Таким образом, в наши дни осуществилось состояние, которое беспокоило К. Райта Миллса в 1956 году. «Впервые в истории страны, — писал Миллс, — люди, обладающие властью, говорят о «чрезвычайной ситуации» без предсказуемого конца». Если раньше американцы рассматривали историю как «мирный континуум, прерываемый войной», то сегодня планирование, подготовка и ведение войны стали «нормальным и, казалось бы, постоянным состоянием Соединенных Штатов». И «единственный принятый «план» мира — это заряженный пистолет».
Эндрю Дж. Басевич — профессор международных отношений и директор Центра международных отношений Бостонского университета. Выпускник Вест-Пойнта и ветеран Вьетнамской войны, он получил докторскую степень по истории в Принстоне и был стипендиатом Буша в Американской академии в Берлине. Он автор нескольких книг, в том числе только что вышедшей. Новый американский милитаризм.
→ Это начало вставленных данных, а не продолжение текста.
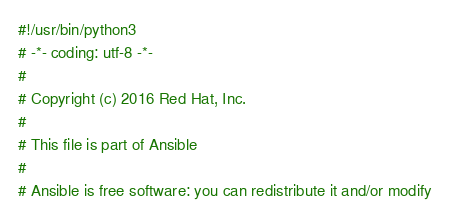<code> <loc_0><loc_0><loc_500><loc_500><_Python_>#!/usr/bin/python3
# -*- coding: utf-8 -*-
#
# Copyright (c) 2016 Red Hat, Inc.
#
# This file is part of Ansible
#
# Ansible is free software: you can redistribute it and/or modify</code> 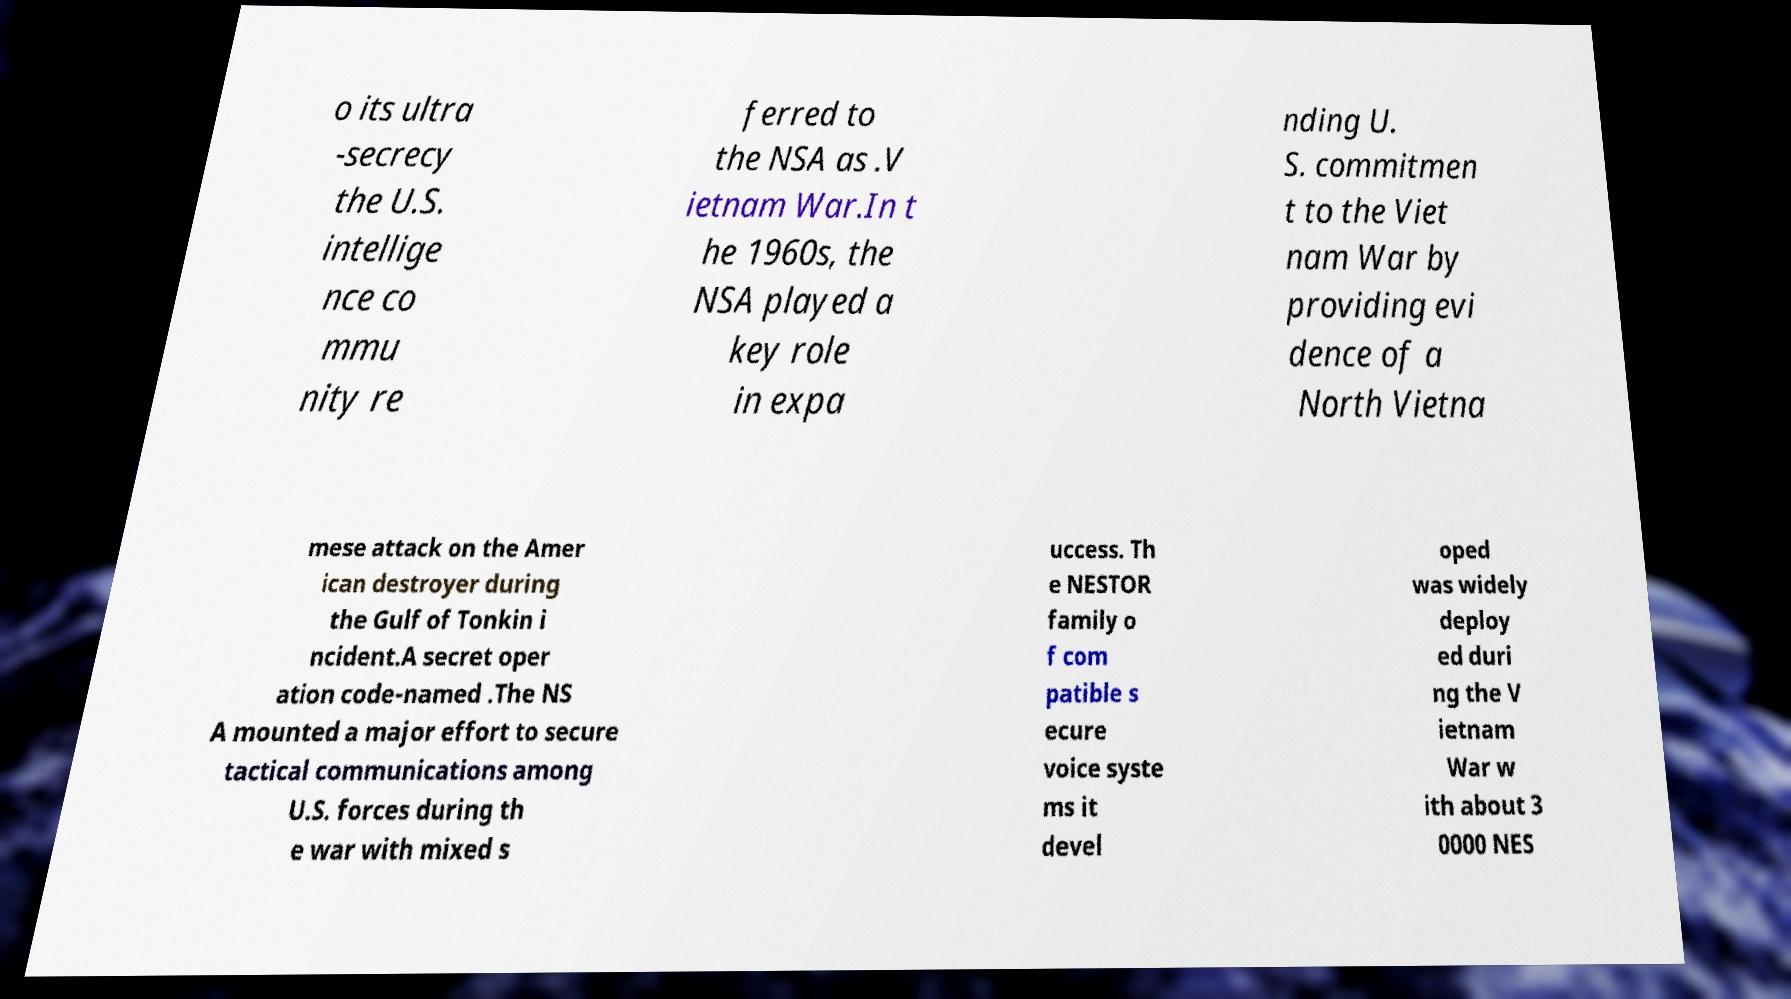For documentation purposes, I need the text within this image transcribed. Could you provide that? o its ultra -secrecy the U.S. intellige nce co mmu nity re ferred to the NSA as .V ietnam War.In t he 1960s, the NSA played a key role in expa nding U. S. commitmen t to the Viet nam War by providing evi dence of a North Vietna mese attack on the Amer ican destroyer during the Gulf of Tonkin i ncident.A secret oper ation code-named .The NS A mounted a major effort to secure tactical communications among U.S. forces during th e war with mixed s uccess. Th e NESTOR family o f com patible s ecure voice syste ms it devel oped was widely deploy ed duri ng the V ietnam War w ith about 3 0000 NES 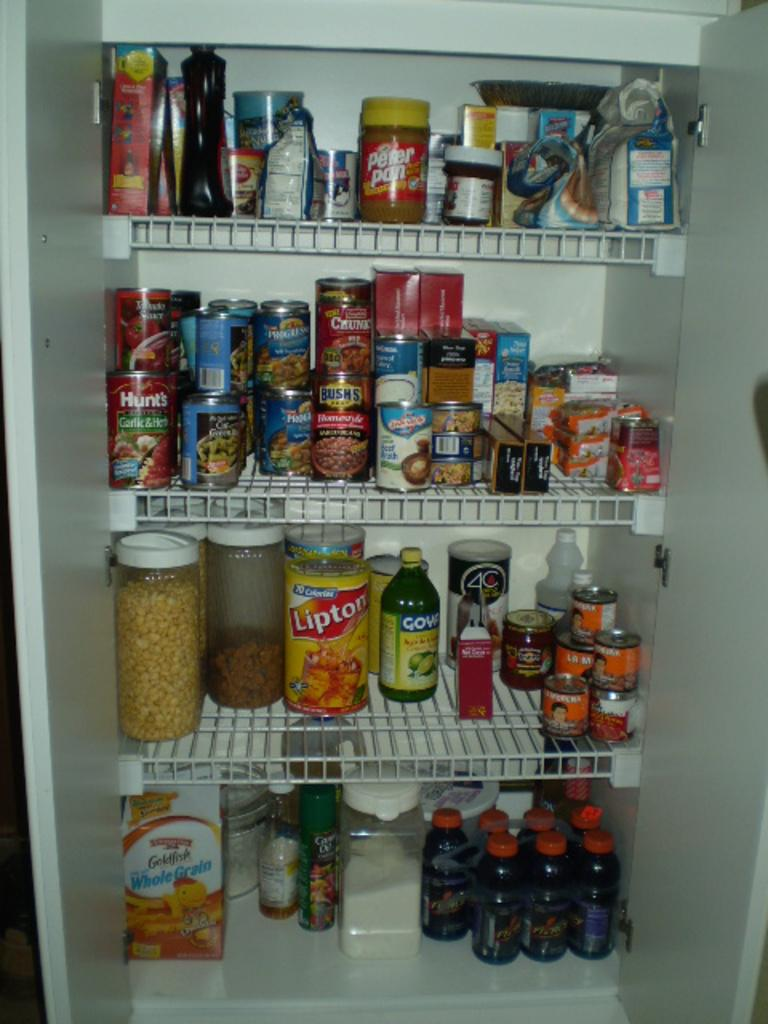Provide a one-sentence caption for the provided image. A pantry with four shelves is full of food, including Lipton Iced Tea, baked beans, peanut butter and many other items. 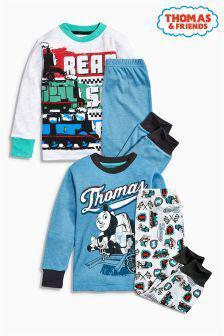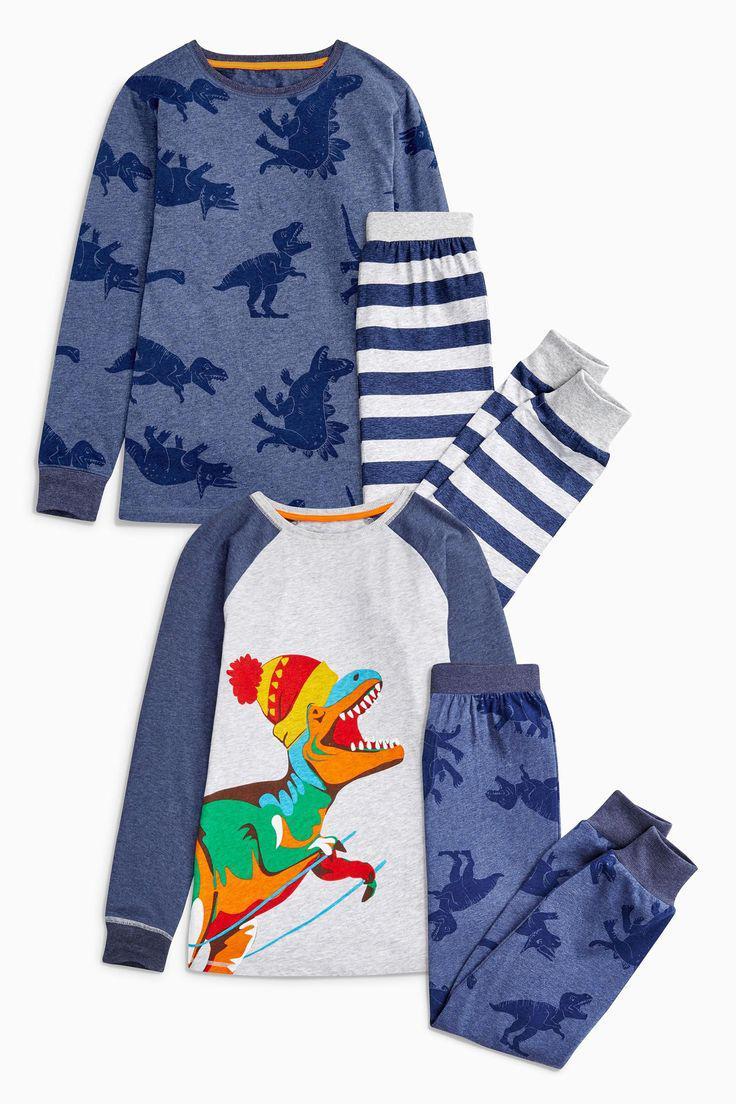The first image is the image on the left, the second image is the image on the right. Examine the images to the left and right. Is the description "No individual image contains more than two sets of sleepwear, and the right image includes a pajama top depicting a cartoon train face." accurate? Answer yes or no. No. The first image is the image on the left, the second image is the image on the right. Considering the images on both sides, is "There are two sets of pajamas in each of the images." valid? Answer yes or no. Yes.

Как американцы соблазняются войной.
Авторские права принадлежат Эндрю Дж. Басевичу, 2005 г.
«Новый американский милитаризм: как американцев соблазняет война», авторские права © Эндрю Дж. Басевича, 2005. Используется с разрешения автора и Oxford University Press, Inc.
[Эта статья впервые появилась на Tomdispatch.com, блог Института нации, который предлагает постоянный поток альтернативных источников, новостей и мнений Тома Энгельхардта, давнего редактора издательского дела и автора Конец Культуры Победы и Последние дни издательского дела.]
ZNetwork финансируется исключительно за счет щедрости своих читателей.